Five of the most outlandish gifts Prince George has received
Published 22/07/2016 | 11:11
The charmed life of a royal baby.
As the third in line to the throne, the son of William and Kate enjoys a privileged existence. While his parents do their best to keep their children grounded, he's still a member of the British royal family and there's no doubt the toddler will no doubt be lavished with plenty of expensive gifts as he turns three today.
Here are five of the most outlandish gifts and privileges little George has been treated to so far.
£18,000 cottage on wheels for his second birthday
Forget calling to Buckingham Palace for tea, we want an invite to George's luxury Victorian-style outhouse. The cottage is situated at the edge of William's wildflower meadow at Highgrove and features a wood-burning stove and day bed. It was a gift from a company called Plankbridge, which was set up with the help of The Prince's Trust charity.
Bombardier Challenger aircraft birthday message
This was probably the most expensive birthday card ever. Hangar8 Aviation, an aviation company in London, sent one of its aircraft to wish Prince George a happy first birthday. The private jet, a Bombardier Challenger, was repainted white and covered from its tip to its tail with ‘Happy Birthday Prince George’. It was valued at £30,000.

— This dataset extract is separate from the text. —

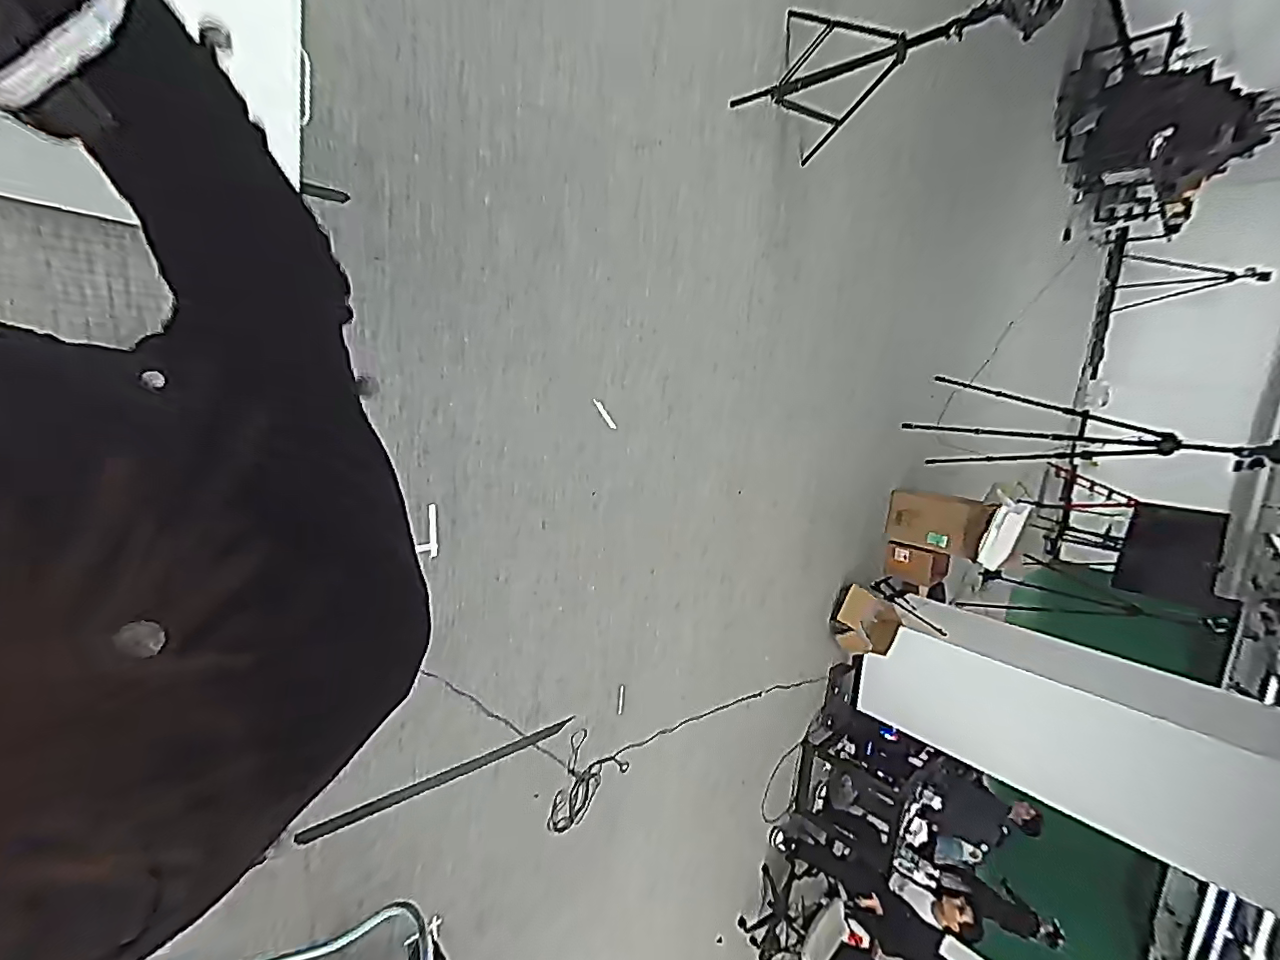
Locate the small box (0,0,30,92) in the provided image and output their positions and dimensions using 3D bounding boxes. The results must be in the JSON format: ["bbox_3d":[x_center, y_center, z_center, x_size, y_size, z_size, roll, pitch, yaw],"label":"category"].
[{"bbox_3d":[-0.744,-0.541,0.539,0.168,0.176,0.179,-1,100,-43],"label":"small box"}]

George the royal crocodile
The chief minister of Australia's Northern Territory presented George with a baby crocodile for his first birthday. The tiny reptile hatched from its egg the day that Kate publicly announced she was pregnant with George. The gift was in keeping with tradition. William and his wife Kate were presented with a pair of crocodiles by Darwin, the territory's capital, to mark their engagement. George's little crocodile even has its own Facebook page.
Lapis lazuli orb from Pope Francis
When the Pope met the Queen in 2014, he presented her with a lapiz lazuli orb for her great-grandson. It's decorated with a silver cross of Edward the Confessor and features an inscription on the base "Pope Francis, to His Royal Highness Prince George of Cambridge". A priceless gift but not the most child-friendly. Upon receiving the gift the Queen joked: "He will be thrilled with that - when he is a little older!"
Exemption from the Freedom of Information act
Technically this isn't a gift but still a privilege worth mentioning. Like the rest of the royal family (and unlike the rest of British society) George is exempt from the Freedom of Information Act. The act was introduced by Tony Blair in 2000 to create public right access to information held by public authorities. He can also veto BBC programmes too.